In my first Computerworld US column I touched briefly on the Globus Consortium's belief that open standard approaches (like the Globus Toolkit) are what will ultimately usher grid into mainstream enterprise use. This month, I sought the wisdom of one of the pioneers of IP networking, and perhaps the most influential figure in open standards and interoperability discussions -- Vint Cerf. Currently senior vice president of technology strategy at MCI Inc., Cerf championed the TCP/IP protocol and played a vital role in steering the commercial growth of the Internet.
Here's what this icon of networking had to say about the importance of open standards in the growth of the Internet.
Computerworld (CW): Talk about the role of standards in the creation of the Internet.
Vint Cerf (VC):The Internet created a layer of standardization that allowed a lot of different computers with different operating systems on different packet-switched nets to interoperate with each other. The wonderful thing about standards is that they allow different parties or systems to interoperate, even if they didn't originally come to some agreement about how they would exchange information.
The grid notion has a lot of the same characteristics. There is a layer of standardization that is above the layer of the traditional Internet protocols, but like those protocols, it creates a kind of virtual commonality between all of the participating computing systems. And that's very exciting, because in a peculiar way, this standardization creates a common clay out of which you can fashion almost anything.
In some ways, it has a characteristic not unlike electricity, where the electrons are pretty much application-insensitive, but will drive to any lights willing to accept them. The grid computing environment and the Web services environment creates this potential. I think we are far from fully realizing the full value of the grid concept.
CW: I believe that grid is still in the early stages of bridging the gap between research and enterprise. How do technologists differ politically from the research realm to the commercial realm?
In the hands of government research, the possibility of exploring something that on the face of it, might not yet have economic viability, is extremely important. The Internet certainly wasn't an economically viable thing until routers were available and Cisco and other companies were building them. So the economics depended very heavily on investment from industry seeing an opportunity to build and sell something.
The promise of grid, being able to virtualize the computing, storage and communication resources -- and to turn all of the resources on the Internet into a sort of virtual, gigantic multiprocessor -- is still a very visionary view. But what is practical to do today, that I'm very excited about, is to take clusters of computers and turn them into virtual resources -- so that it no longer matters which specific resources are used to carry out a particular computation or provide a particular service. It means that business continuity has a hope of being implemented simply by moving from one virtualization source to another. So if you're doing networkwide backup and things like that, the virtual resources look no different from one resource to another.
CW: What should the grid community be thinking about with the carriers and network providers?

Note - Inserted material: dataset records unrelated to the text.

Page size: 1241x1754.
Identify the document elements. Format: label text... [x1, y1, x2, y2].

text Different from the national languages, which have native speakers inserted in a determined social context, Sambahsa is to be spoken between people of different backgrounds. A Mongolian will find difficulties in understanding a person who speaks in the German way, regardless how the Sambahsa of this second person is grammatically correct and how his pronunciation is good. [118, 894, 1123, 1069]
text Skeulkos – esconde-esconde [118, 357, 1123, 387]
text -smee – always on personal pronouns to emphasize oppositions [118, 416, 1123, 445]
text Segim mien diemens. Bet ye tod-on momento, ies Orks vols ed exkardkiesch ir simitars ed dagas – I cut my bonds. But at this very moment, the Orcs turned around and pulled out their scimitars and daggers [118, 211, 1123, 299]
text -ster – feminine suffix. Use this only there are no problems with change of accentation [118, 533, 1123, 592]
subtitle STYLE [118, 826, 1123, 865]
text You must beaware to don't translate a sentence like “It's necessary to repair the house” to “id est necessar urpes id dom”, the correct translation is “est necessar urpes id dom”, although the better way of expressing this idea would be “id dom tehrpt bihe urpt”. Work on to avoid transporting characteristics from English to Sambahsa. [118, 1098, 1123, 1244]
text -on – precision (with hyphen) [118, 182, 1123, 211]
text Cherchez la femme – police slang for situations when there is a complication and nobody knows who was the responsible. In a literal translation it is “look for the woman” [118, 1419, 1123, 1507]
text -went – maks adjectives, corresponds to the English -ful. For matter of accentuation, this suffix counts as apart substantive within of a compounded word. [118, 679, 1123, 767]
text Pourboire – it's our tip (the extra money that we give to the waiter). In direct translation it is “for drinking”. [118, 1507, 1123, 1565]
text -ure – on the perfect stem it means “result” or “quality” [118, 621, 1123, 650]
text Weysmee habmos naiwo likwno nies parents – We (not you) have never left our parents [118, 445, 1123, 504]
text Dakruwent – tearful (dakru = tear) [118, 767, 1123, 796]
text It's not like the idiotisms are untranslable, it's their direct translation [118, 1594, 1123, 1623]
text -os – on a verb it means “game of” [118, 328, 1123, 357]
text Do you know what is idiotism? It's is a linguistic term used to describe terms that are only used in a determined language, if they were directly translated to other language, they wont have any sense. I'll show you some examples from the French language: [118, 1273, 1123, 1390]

VC: We are, of course, very interested in grid, and [MCI CEO] Michael Capellas is very articulate on this. MCI has two things to offer here. We obviously have the backbone capabilities and computing facilities to house computers that can be configured to behave in the ways the grid specifies. That means we can offer to our customers business continuity possibilities, as well as the possibility to expand the computational resources available.
Let's suppose you're a company that has a quarterly, significant increase in computing requirements, because you're trying to complete your quarterly reports. And you don't want to buy and own and operate computing resources to meet the peak requirements, because you only need them 10% of the time. If everyone uses grid-like standards to implement their computational requirements, MCI -- along with others -- could offer dedicated facilities for a temporary period of time. It's the equivalent of time sharing, but you have to use hardware and software that's conformant with grid standards. The good part is that by adhering to these standards, any company that needs the rapid expansion of computing or storage resource can get it.
CW: Do you see MCI starting to provide access to large computer farms?
VC: Are you getting significant demand from people to do that? We're getting a lot of inquiries about what's possible. Grid's still in its early stages, as the Internet was. Not many people have reconfigured their IT environment to take advantage of grid.
The more we see people migrate towards this alternative way of implementing their IT environment, the more potential we see there for us. And the potential is there for us in multiple dimensions, not just because you have to use the network to move data back and forth. The real excitement is that once you create the standard grid interface, then you can start implementing applications that you can make available to customers through the grid.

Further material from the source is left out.